Answering this question it turned out that df.groupby(...).agg(set)
and df.groupby(...).agg(lambda x: set(x))
are producing different results.
Perhaps as @Edchum commented agg
applies the python builtin functions considering the groupby object as a mini dataframe, whereas when a defined function is passed it applies it for every column. An example to illustrate this is via print.
df.groupby('user_id').agg(print,end='\n\n')
class_type instructor user_id
0 Krav Maga Bob 1
4 Ju-jitsu Alice 1
class_type instructor user_id
1 Yoga Alice 2
5 Krav Maga Alice 2
class_type instructor user_id
2 Ju-jitsu Bob 3
6 Karate Bob 3
df.groupby('user_id').agg(lambda x : print(x,end='\n\n'))
0 Krav Maga
4 Ju-jitsu
Name: class_type, dtype: object
1 Yoga
5 Krav Maga
Name: class_type, dtype: object
2 Ju-jitsu
6 Karate
Name: class_type, dtype: object
3 Krav Maga
Name: class_type, dtype: object
...
Hope this is the reason why applying set gave the result like the one mentioned above.

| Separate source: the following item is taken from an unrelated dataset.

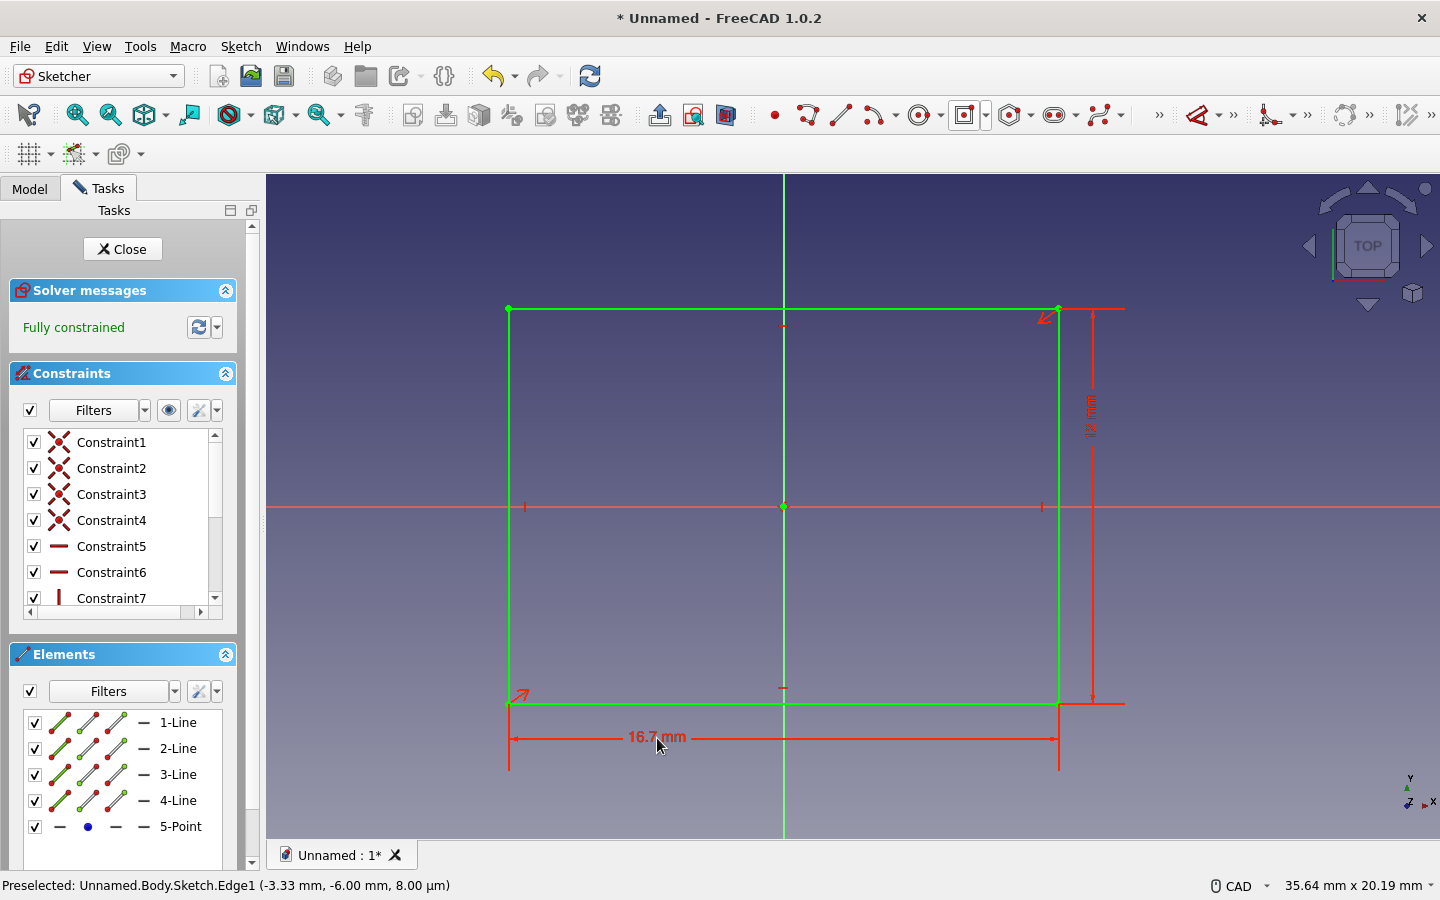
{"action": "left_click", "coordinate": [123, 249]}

OK what is happening here is that set
isn't being handled as it's not is_list_like
in _aggregate
:
elif is_list_like(arg) and arg not in compat.string_types:
see source
this isn't is_list_like
so it returns None
up the call chain to end up at this line:
results.append(colg.aggregate(a))
see source
this raises TypeError
as TypeError: 'type' object is not iterable
which then raises:
if not len(results):
raise ValueError("no results")
see source
so because we have no results we end up calling _aggregate_generic
:
see source
this then calls:
result[name] = self._try_cast(func(data, *args, **kwargs)
see source
This then ends up as:
(Pdb) n
> c:\programdata\anaconda3\lib\site-packages\pandas\core\groupby.py(3779)_aggregate_generic()
-> return self._wrap_generic_output(result, obj)
(Pdb) result
{1: {'user_id', 'instructor', 'class_type'}, 2: {'user_id', 'instructor', 'class_type'}, 3: {'user_id', 'instructor', 'class_type'}, 4: {'user_id', 'instructor', 'class_type'}}
I'm running a slightly different version of pandas but the equivalent source line is https://github.com/pandas-dev/pandas/blob/v0.22.0/pandas/core/groupby.py#L3779
So essentially because set
doesn't count as a function or an iterable, it just collapses to calling the ctor on the series iterable which in this case are the columns, you can see the same effect here:
In [8]:
df.groupby('user_id').agg(lambda x: print(set(x.columns)))
{'class_type', 'instructor', 'user_id'}
{'class_type', 'instructor', 'user_id'}
{'class_type', 'instructor', 'user_id'}
{'class_type', 'instructor', 'user_id'}
Out[8]:
class_type instructor
user_id
1 None None
2 None None
3 None None
4 None None
but when you use the lambda
which is an anonymous function this works as expected.